Stored data entries
== Segment start ==

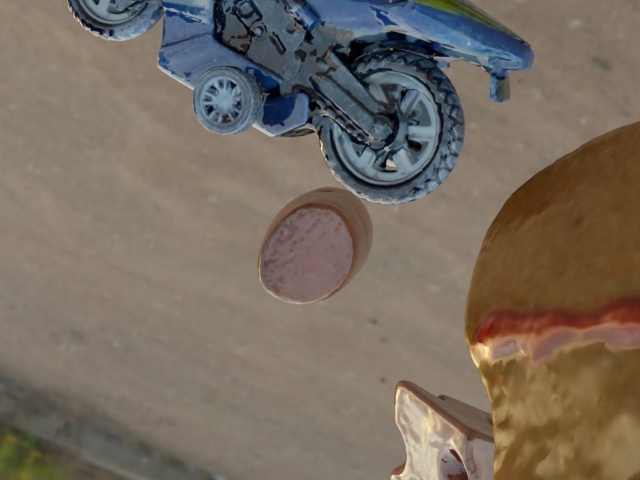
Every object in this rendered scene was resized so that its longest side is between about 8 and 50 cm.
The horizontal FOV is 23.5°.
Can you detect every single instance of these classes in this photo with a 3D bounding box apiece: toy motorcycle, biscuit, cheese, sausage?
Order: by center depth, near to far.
[{"bbox_3d":[0.080,0.085,0.485,0.052,0.277,0.262,20,170,-39],"label":"biscuit"},{"bbox_3d":[-0.018,-0.121,0.774,0.254,0.135,0.092,33,-165,19],"label":"toy motorcycle"},{"bbox_3d":[0.122,0.235,1.209,0.203,0.177,0.128,25,-176,-34],"label":"cheese"},{"bbox_3d":[0.000,0.000,1.620,0.113,0.113,0.259,19,-172,4],"label":"sausage"}]
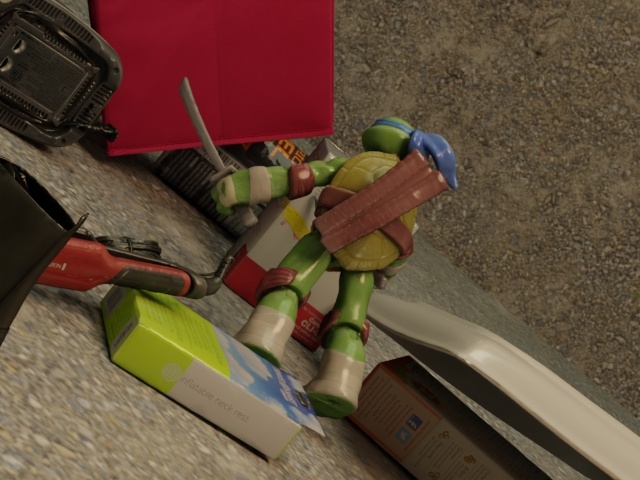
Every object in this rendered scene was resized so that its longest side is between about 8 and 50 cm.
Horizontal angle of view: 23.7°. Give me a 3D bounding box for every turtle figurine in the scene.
[{"bbox_3d":[-0.015,0.016,1.392,0.274,0.266,0.198,7,-28,23],"label":"turtle figurine"}]

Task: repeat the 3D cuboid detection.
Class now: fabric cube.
[{"bbox_3d":[-0.127,-0.271,1.673,0.259,0.258,0.254,-7,30,-9],"label":"fabric cube"}]

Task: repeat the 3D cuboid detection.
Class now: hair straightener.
[{"bbox_3d":[-0.166,0.003,1.149,0.230,0.047,0.089,6,21,-39],"label":"hair straightener"}]

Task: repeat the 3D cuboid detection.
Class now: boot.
[{"bbox_3d":[-0.236,-0.020,0.845,0.198,0.137,0.077,39,8,-2],"label":"boot"}]

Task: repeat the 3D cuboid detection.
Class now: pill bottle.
[{"bbox_3d":[-0.065,-0.059,1.804,0.245,0.130,0.130,39,9,-8],"label":"pill bottle"}]

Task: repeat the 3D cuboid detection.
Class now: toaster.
[{"bbox_3d":[-0.297,-0.190,1.501,0.227,0.129,0.146,32,9,-37],"label":"toaster"}]

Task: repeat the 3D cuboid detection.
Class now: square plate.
[{"bbox_3d":[0.208,0.160,1.448,0.344,0.049,0.347,37,-5,-16],"label":"square plate"}]

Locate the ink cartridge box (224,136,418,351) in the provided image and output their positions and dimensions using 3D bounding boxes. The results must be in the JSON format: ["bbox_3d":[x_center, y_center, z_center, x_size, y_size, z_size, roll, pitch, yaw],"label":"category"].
[{"bbox_3d":[0.000,0.000,1.620,0.127,0.176,0.128,38,9,-9],"label":"ink cartridge box"}]

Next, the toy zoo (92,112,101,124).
[{"bbox_3d":[-0.358,-0.224,1.733,0.293,0.030,0.192,33,11,-40],"label":"toy zoo"}]

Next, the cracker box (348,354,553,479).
[{"bbox_3d":[0.139,0.213,1.490,0.232,0.067,0.155,40,7,12],"label":"cracker box"}]

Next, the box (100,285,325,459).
[{"bbox_3d":[-0.085,0.100,1.187,0.178,0.042,0.109,35,10,-22],"label":"box"}]
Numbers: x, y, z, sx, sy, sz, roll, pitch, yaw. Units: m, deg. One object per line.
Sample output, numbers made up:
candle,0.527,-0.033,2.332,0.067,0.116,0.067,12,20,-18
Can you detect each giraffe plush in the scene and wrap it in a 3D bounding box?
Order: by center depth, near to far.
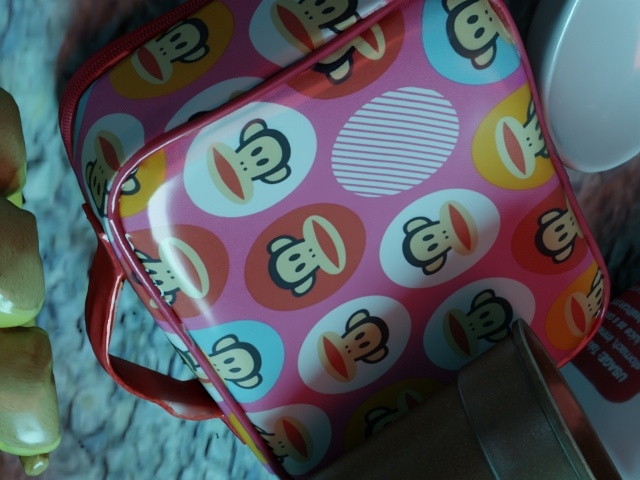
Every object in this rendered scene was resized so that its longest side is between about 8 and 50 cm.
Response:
giraffe plush,-0.217,0.032,0.778,0.170,0.181,0.210,-7,161,-13

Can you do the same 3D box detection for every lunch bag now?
lunch bag,0.000,0.000,0.879,0.258,0.120,0.293,-31,133,-5

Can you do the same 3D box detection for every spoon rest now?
spoon rest,0.142,-0.146,0.870,0.137,0.084,0.276,-42,133,-15

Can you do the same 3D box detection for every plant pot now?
plant pot,0.072,0.151,0.869,0.165,0.167,0.167,-30,133,9

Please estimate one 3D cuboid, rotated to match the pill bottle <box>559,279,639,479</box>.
pill bottle,0.269,0.111,1.037,0.408,0.229,0.229,-36,132,-1
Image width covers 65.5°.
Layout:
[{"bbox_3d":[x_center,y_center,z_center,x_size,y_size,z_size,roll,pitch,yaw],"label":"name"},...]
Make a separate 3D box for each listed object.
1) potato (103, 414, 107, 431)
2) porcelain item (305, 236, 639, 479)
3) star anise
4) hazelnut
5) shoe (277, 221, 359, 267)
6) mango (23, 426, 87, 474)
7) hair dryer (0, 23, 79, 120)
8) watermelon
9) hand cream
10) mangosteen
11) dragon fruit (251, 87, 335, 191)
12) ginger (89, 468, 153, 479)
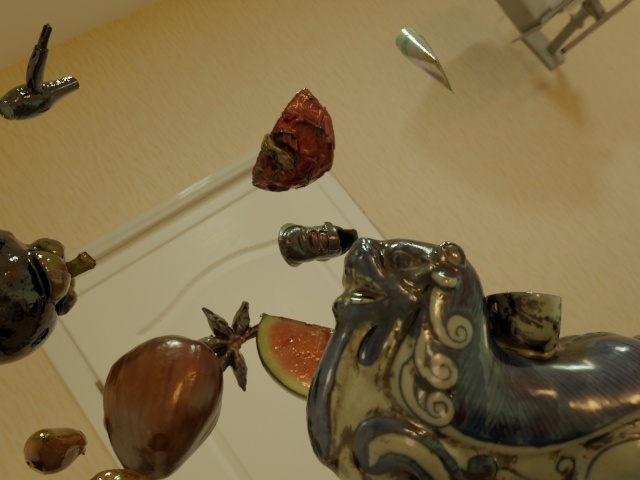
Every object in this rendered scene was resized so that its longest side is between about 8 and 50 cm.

== Segment end ==

Each line above should be returned exactly as written, apart from any pictures.

Every object in this rendered scene was resized so that its longest side is between about 8 and 50 cm.
The horizontal FOV is 23.5°.
Can you detect every single instance of these classes in this photo with a 3D bounding box apiece: toy motorcycle, biscuit, cheese, sausage?
Order: by center depth, near to far.
[{"bbox_3d":[0.080,0.085,0.485,0.052,0.277,0.262,20,170,-39],"label":"biscuit"},{"bbox_3d":[-0.018,-0.121,0.774,0.254,0.135,0.092,33,-165,19],"label":"toy motorcycle"},{"bbox_3d":[0.122,0.235,1.209,0.203,0.177,0.128,25,-176,-34],"label":"cheese"},{"bbox_3d":[0.000,0.000,1.620,0.113,0.113,0.259,19,-172,4],"label":"sausage"}]
Every object in this rendered scene was resized so that its longest side is between about 8 and 50 cm.
Horizontal angle of view: 23.7°. Give me a 3D bounding box for every turtle figurine in the scene.
[{"bbox_3d":[-0.015,0.016,1.392,0.274,0.266,0.198,7,-28,23],"label":"turtle figurine"}]

Task: repeat the 3D cuboid detection.
Class now: fabric cube.
[{"bbox_3d":[-0.127,-0.271,1.673,0.259,0.258,0.254,-7,30,-9],"label":"fabric cube"}]

Task: repeat the 3D cuboid detection.
Class now: hair straightener.
[{"bbox_3d":[-0.166,0.003,1.149,0.230,0.047,0.089,6,21,-39],"label":"hair straightener"}]

Task: repeat the 3D cuboid detection.
Class now: boot.
[{"bbox_3d":[-0.236,-0.020,0.845,0.198,0.137,0.077,39,8,-2],"label":"boot"}]

Task: repeat the 3D cuboid detection.
Class now: pill bottle.
[{"bbox_3d":[-0.065,-0.059,1.804,0.245,0.130,0.130,39,9,-8],"label":"pill bottle"}]

Task: repeat the 3D cuboid detection.
Class now: toaster.
[{"bbox_3d":[-0.297,-0.190,1.501,0.227,0.129,0.146,32,9,-37],"label":"toaster"}]

Task: repeat the 3D cuboid detection.
Class now: square plate.
[{"bbox_3d":[0.208,0.160,1.448,0.344,0.049,0.347,37,-5,-16],"label":"square plate"}]

Locate the ink cartridge box (224,136,418,351) in the provided image and output their positions and dimensions using 3D bounding boxes. The results must be in the JSON format: ["bbox_3d":[x_center, y_center, z_center, x_size, y_size, z_size, roll, pitch, yaw],"label":"category"].
[{"bbox_3d":[0.000,0.000,1.620,0.127,0.176,0.128,38,9,-9],"label":"ink cartridge box"}]

Next, the toy zoo (92,112,101,124).
[{"bbox_3d":[-0.358,-0.224,1.733,0.293,0.030,0.192,33,11,-40],"label":"toy zoo"}]

Next, the cracker box (348,354,553,479).
[{"bbox_3d":[0.139,0.213,1.490,0.232,0.067,0.155,40,7,12],"label":"cracker box"}]

Next, the box (100,285,325,459).
[{"bbox_3d":[-0.085,0.100,1.187,0.178,0.042,0.109,35,10,-22],"label":"box"}]
Numbers: x, y, z, sx, sy, sz, roll, pitch, yaw. Units: m, deg. One object per line.
Sample output, numbers made up:
candle,0.527,-0.033,2.332,0.067,0.116,0.067,12,20,-18
Can you detect each giraffe plush in the scene and wrap it in a 3D bounding box?
Order: by center depth, near to far.
Every object in this rendered scene was resized so that its longest side is between about 8 and 50 cm.
Response:
giraffe plush,-0.217,0.032,0.778,0.170,0.181,0.210,-7,161,-13

Can you do the same 3D box detection for every lunch bag now?
lunch bag,0.000,0.000,0.879,0.258,0.120,0.293,-31,133,-5

Can you do the same 3D box detection for every spoon rest now?
spoon rest,0.142,-0.146,0.870,0.137,0.084,0.276,-42,133,-15

Can you do the same 3D box detection for every plant pot now?
plant pot,0.072,0.151,0.869,0.165,0.167,0.167,-30,133,9

Please estimate one 3D cuboid, rotated to match the pill bottle <box>559,279,639,479</box>.
pill bottle,0.269,0.111,1.037,0.408,0.229,0.229,-36,132,-1
Image width covers 65.5°.
Layout:
[{"bbox_3d":[x_center,y_center,z_center,x_size,y_size,z_size,roll,pitch,yaw],"label":"name"},...]
Make a separate 3D box for each listed object.
1) potato (103, 414, 107, 431)
2) porcelain item (305, 236, 639, 479)
3) star anise
4) hazelnut
5) shoe (277, 221, 359, 267)
6) mango (23, 426, 87, 474)
7) hair dryer (0, 23, 79, 120)
8) watermelon
9) hand cream
10) mangosteen
11) dragon fruit (251, 87, 335, 191)
12) ginger (89, 468, 153, 479)
Every object in this rendered scene was resized so that its longest side is between about 8 and 50 cm.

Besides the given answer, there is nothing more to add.